Destiné aux élèves de CE2, le livre d'école est rédigé dans une écriture inclusive, autrement dit avec une grammaire et une typographie rendant les femmes plus visibles dans notre langue. Retour sur le débat.
"Le langage structure notre pensée : il ne fait pas que la refléter, il l'oriente", plaidait la professeure de littérature et co-auteure de "L'Académie contre la langue française : le dossier 'féminisation'" Eliane Viennot dans une tribune mise en ligne par FranceTVinfo. C'est aussi ce que pensent les défenseurs d'une écriture inclusive, cette façon d'écriture qui tord le cou à l'invisibilisation des femmes. Depuis quelques temps, cette nouvelle syntaxe se déploie chez les personnes soucieuses de ne pas laisser le masculin l'emporter sur le féminin. Elle a aussi tendance à en irriter d'autres, qui estiment le combat des mots minime par rapport aux droits des femmes. À l'occasion de la sortie d'un manuel scolaire inclusif aux éditions Hatier, le débat est relancé.
On y lit que "grâce aux agriculteur.rice.s, aux artisan.e.s et aux commerçant.e.s, la Gaule était un pays riche", selon Le Figaro, qui a repéré la sortie du livre d'école en premier lieu, grâce à une photo postée par un professeur de physique-chimie sur un groupe Facebook réunissant des enseignants.
"Vous êtes surtout très ridicules... si mes enfants reçoivent un tel manuel, la solution sera simple, je le brûle...", rétorque un utilisateur de Twitter. "Désormais de nombreux gosses seront illettré.e.s et non plus illettrés, ça change tout", ironise une autre.
"Il n'y a pas de petits combats" vs "ça va perturber les enfants"
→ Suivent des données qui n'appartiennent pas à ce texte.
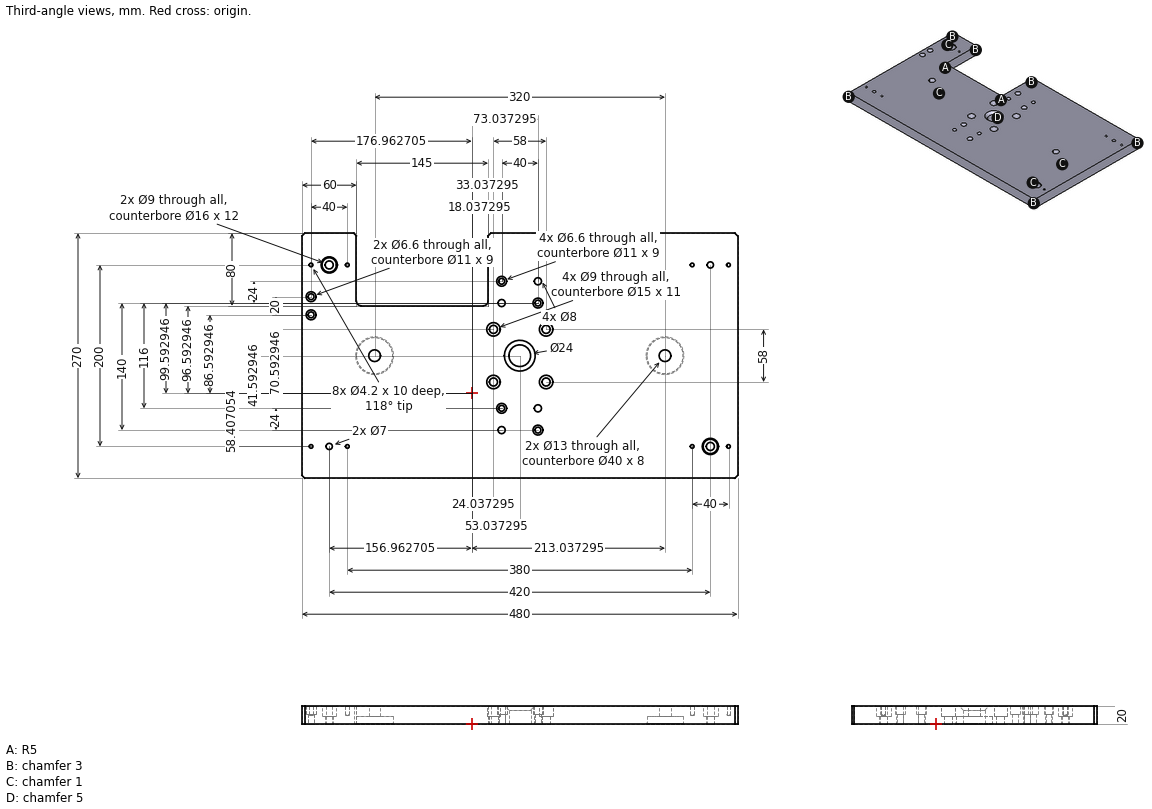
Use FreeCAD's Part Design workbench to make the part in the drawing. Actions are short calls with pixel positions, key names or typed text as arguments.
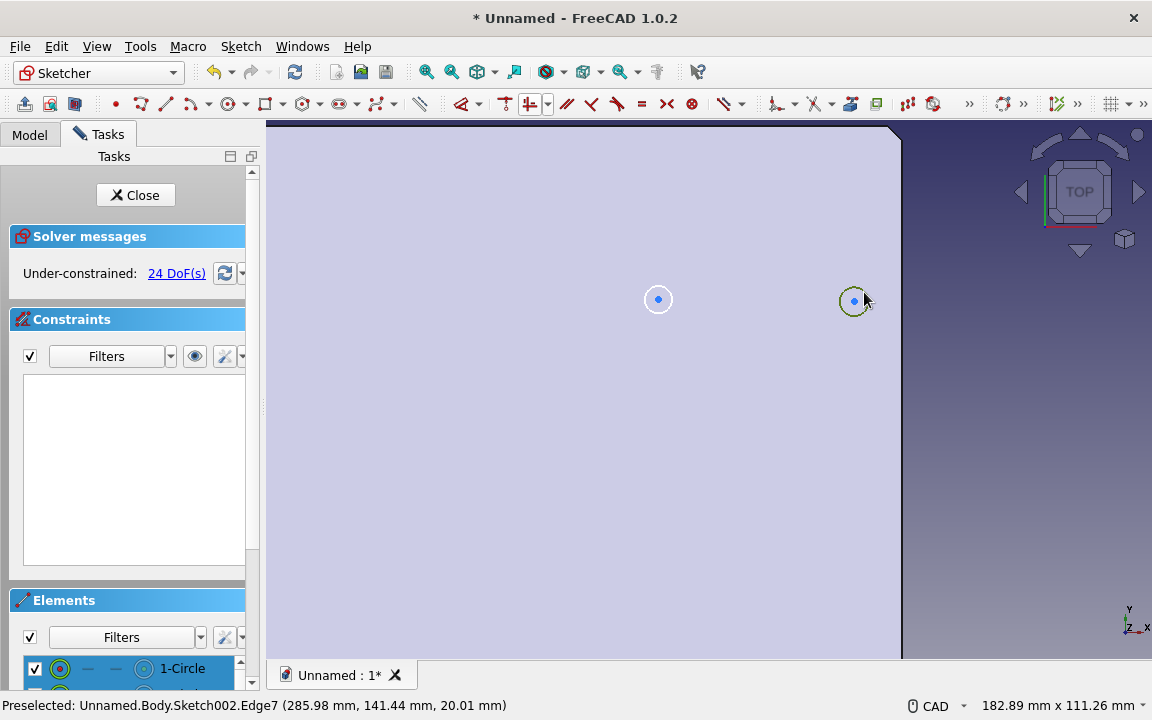
click(668, 290)

Tirets (ex : les ami(e)s), parenthèses (ex : les ami-e-s), point médian (ex : les ami·e·s), féminisation des métiers ou encore association du masculin et du féminin pour désigner un groupe (ex : "les lecteurs et les lectrices") : il y a aujourd'hui de nombreuses façons de féminiser la langue française. À ceux qui se moquent de cette petite révolution par la syntaxe, les féministes répondent qu'il n'y a pas de petits combats : arrêter d'invisibiliser les femmes dans le choix des mots, c'est aussi une façon de leur rendre justice en reconnaissant la place qu'elles ont occupé et le rôle qu'elles ont joué dans l'histoire. Et peut-être aussi, plus pragmatiquement, un moyen de montrer aux petites filles qu'elles n'ont pas moins de chance d'influer sur le monde que les petits garçons ; et aux petits garçons qu'il va falloir coopérer avec les petites filles.
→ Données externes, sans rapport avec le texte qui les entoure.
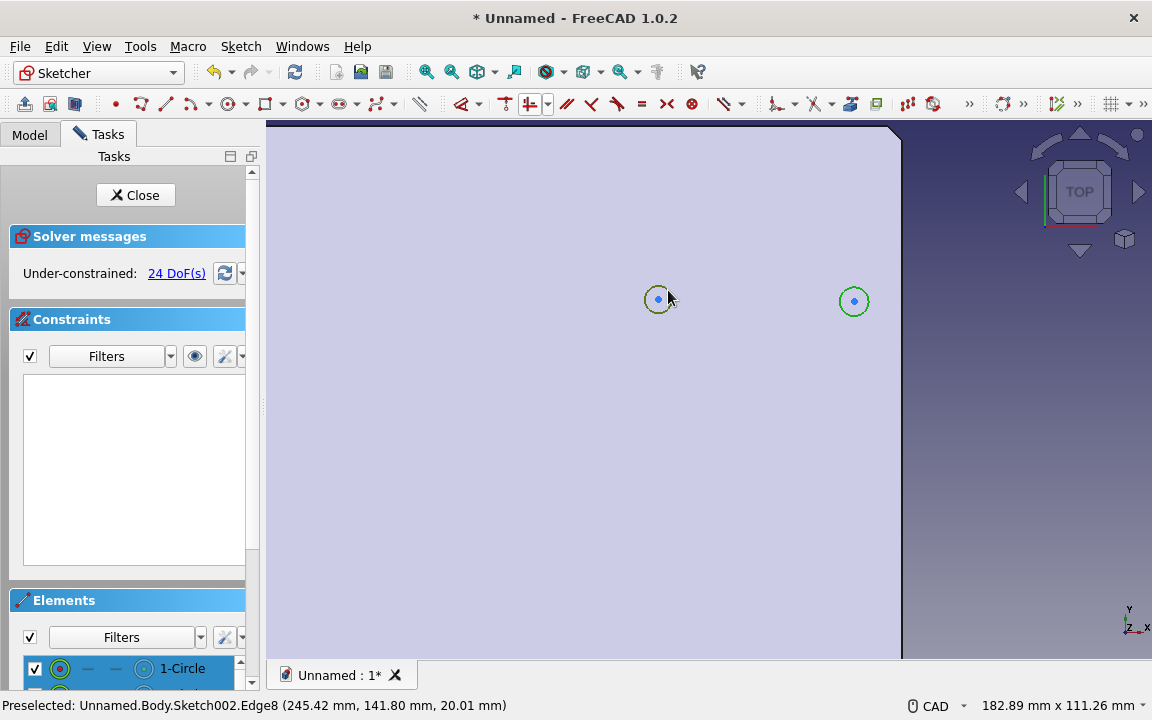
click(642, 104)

En attendant, le débat d'une orthographe non-genrée prend une autre dimension quand il touche à l'apprentissage de la lecture chez les plus jeunes, puisque certaines personnes s'inquiètent de voir cette écriture (quoiqu'on en dise moins synthétique) atterrir sur les tables des écoliers. Celle-ci risque-t-elle de perturber les enfants d'un point de vue orthophonie ? C'est en tout cas ce que craignent les internautes, qui soulignent qu'en CE2 savoir lire est une connaissance encore en consolidation. "C'est vrai quoi. Arrêtons d'embrouiller les enfants avec L'égalité. C'est tellement un non sujet d'apprentissage !", leur rétorque un utilisateur de Twitter.
Rappelons pour sa défense que l'ouvrage concerne la matière Histoire et propose de "questionner le monde" à travers une "organisation en 3 parties facilement repérables : le temps, l’espace et le monde du vivant, de la matière et des objets". Ce n'est donc pas avec lui que l'on apprend à lire.